Timing and Sequence Requirements Defined for Embryonic Maintenance of Imprinted DNA Methylation at Rasgrf1{triangledown}

Rebecca Holmes,1 Yanjie Chang,2 and Paul D. Soloway1,2*

Division of Nutritional Sciences, College of Agriculture and Life Sciences, Cornell University, Ithaca, New York 14853,1 Roswell Park Cancer Institute, Buffalo, New York 142632

Received 11 January 2006/ Returned for modification 13 February 2006/ Accepted 25 September 2006

Epigenetic programming is critical for normal development of mammalian embryos. Errors cause misexpression of genes and aberrant development (E. Li, C. Beard, and R. Jaenisch, Nature 366:362-365, 1993). Imprinted genes are important targets of epigenetic regulation, but little is known about how the epigenetic patterns are established in the parental germ lines and maintained in the embryo. Paternal allele-specific expression at the imprinted Rasgrf1 locus in mice is controlled by paternal allele-specific methylation at a differentially methylated domain (DMD). DMD methylation is in turn controlled by a direct repeat sequence immediately downstream of the DMD which is required for establishing Rasgrf1 methylation in the male germ line (B. J. Yoon et al., Nat. Genet. 30:92-96, 2002). To determine if these repeats have a role in methylation maintenance, we developed a conditional deletion of the repeat sequence in mice and showed that the repeats are also required during a narrow interval to maintain paternal methylation of Rasgrf1 in developing embryos. Removing the repeats upon fertilization caused a total loss of methylation by the morula stage, but by the epiblast stage, the repeats were completely dispensable for methylation maintenance. This developmental interval coincides with genome-wide demethylation and remethylation in mice which most imprinted genes resist. Our data show that the Rasgrf1 repeats serve at least two functions: first, to establish Rasgrf1 DNA methylation in the male germ line, and second, to resist global demethylation in the preimplantation embryo.

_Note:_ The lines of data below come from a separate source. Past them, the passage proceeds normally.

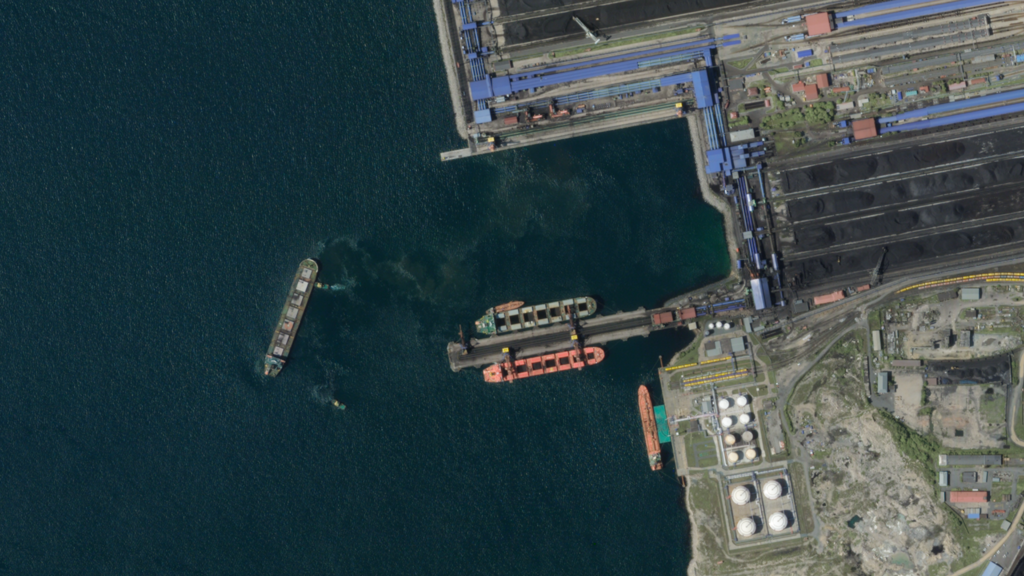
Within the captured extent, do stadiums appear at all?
No
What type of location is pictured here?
port
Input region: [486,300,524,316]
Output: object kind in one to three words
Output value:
ship
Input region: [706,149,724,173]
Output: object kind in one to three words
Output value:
house
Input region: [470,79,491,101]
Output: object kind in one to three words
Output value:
shed
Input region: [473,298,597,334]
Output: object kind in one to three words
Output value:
ship
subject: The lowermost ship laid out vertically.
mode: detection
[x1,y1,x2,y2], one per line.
[638,385,662,473]
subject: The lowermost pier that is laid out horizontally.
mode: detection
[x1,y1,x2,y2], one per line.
[447,302,697,371]

* Corresponding author. Mailing address: Cornell University, Nutritional Sciences, 108 Savage Hall, Ithaca, NY 14853. Phone: (607) 254-6444. Fax: (607) 254-6444. E-mail: pds28{at}cornell.edu.

{triangledown} Published ahead of print on 9 October 2006.


Molecular and Cellular Biology, December 2006, p. 9564-9570, Vol. 26, No. 24
0270-7306/06/$08.00+0     doi:10.1128/MCB.00058-06
Copyright © 2006, American Society for Microbiology. All Rights Reserved.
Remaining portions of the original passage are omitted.